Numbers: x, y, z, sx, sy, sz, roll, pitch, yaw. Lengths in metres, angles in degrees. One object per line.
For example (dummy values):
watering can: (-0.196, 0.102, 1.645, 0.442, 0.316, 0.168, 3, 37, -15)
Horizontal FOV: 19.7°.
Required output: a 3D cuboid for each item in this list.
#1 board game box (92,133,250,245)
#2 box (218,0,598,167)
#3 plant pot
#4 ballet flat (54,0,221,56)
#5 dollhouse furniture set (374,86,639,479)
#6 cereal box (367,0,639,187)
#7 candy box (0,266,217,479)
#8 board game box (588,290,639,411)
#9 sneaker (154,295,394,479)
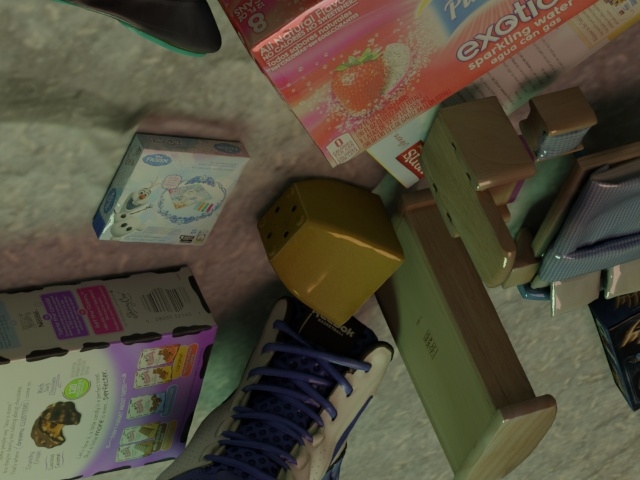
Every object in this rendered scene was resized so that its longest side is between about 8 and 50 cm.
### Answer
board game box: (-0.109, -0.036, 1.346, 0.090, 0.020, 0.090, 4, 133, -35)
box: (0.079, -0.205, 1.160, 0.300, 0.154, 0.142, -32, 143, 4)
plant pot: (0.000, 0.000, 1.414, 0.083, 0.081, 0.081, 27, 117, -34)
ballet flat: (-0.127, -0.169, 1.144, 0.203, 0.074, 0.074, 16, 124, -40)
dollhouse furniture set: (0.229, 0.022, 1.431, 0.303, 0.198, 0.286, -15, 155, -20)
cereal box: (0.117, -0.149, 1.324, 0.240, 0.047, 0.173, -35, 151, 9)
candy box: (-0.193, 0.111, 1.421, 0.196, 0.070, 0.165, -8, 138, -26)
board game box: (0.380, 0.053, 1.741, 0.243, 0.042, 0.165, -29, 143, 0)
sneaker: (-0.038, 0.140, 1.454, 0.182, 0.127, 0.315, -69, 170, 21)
==
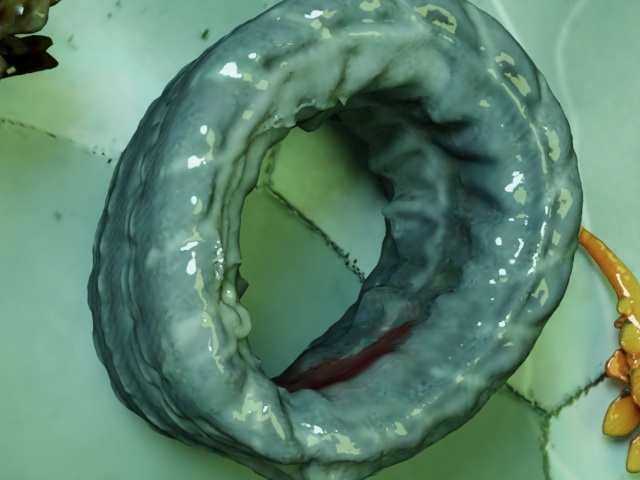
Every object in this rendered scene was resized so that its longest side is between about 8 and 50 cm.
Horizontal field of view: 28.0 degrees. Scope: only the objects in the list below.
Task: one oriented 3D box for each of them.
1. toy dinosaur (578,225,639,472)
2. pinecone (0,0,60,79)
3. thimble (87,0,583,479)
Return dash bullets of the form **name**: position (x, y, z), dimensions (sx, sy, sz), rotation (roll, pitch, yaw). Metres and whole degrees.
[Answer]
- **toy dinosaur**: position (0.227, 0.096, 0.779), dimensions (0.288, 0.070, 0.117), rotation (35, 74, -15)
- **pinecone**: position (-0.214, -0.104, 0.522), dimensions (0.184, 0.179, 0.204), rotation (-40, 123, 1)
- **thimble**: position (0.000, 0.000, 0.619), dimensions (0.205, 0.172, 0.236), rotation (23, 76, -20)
==
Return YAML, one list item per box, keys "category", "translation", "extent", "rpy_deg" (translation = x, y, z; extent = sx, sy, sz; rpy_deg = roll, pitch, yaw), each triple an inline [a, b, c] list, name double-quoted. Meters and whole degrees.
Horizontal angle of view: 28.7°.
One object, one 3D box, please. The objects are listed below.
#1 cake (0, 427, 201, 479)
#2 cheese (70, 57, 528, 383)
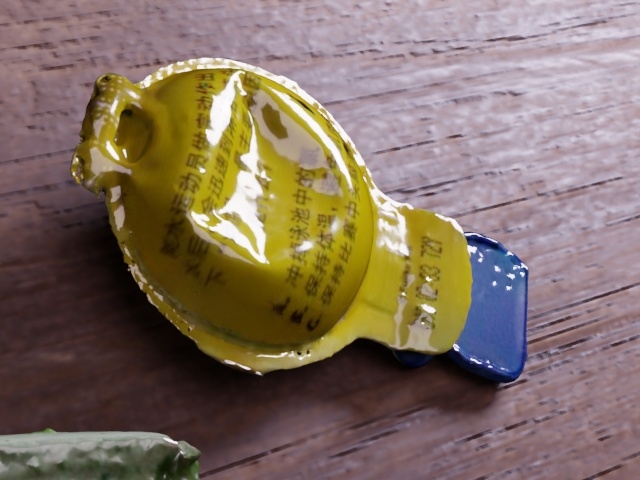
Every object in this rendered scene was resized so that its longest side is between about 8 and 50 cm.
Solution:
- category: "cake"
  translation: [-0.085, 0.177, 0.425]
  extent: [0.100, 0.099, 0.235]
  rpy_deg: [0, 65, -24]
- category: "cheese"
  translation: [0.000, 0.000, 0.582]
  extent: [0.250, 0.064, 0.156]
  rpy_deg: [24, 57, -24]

▸ REQUIRED WORK
Note every line in the material with "view" and copy it.

▸ RESPONSE TO THE EXERCISE
Horizontal field of view: 28.0 degrees. Scope: only the objects in the list below.
Horizontal angle of view: 28.7°.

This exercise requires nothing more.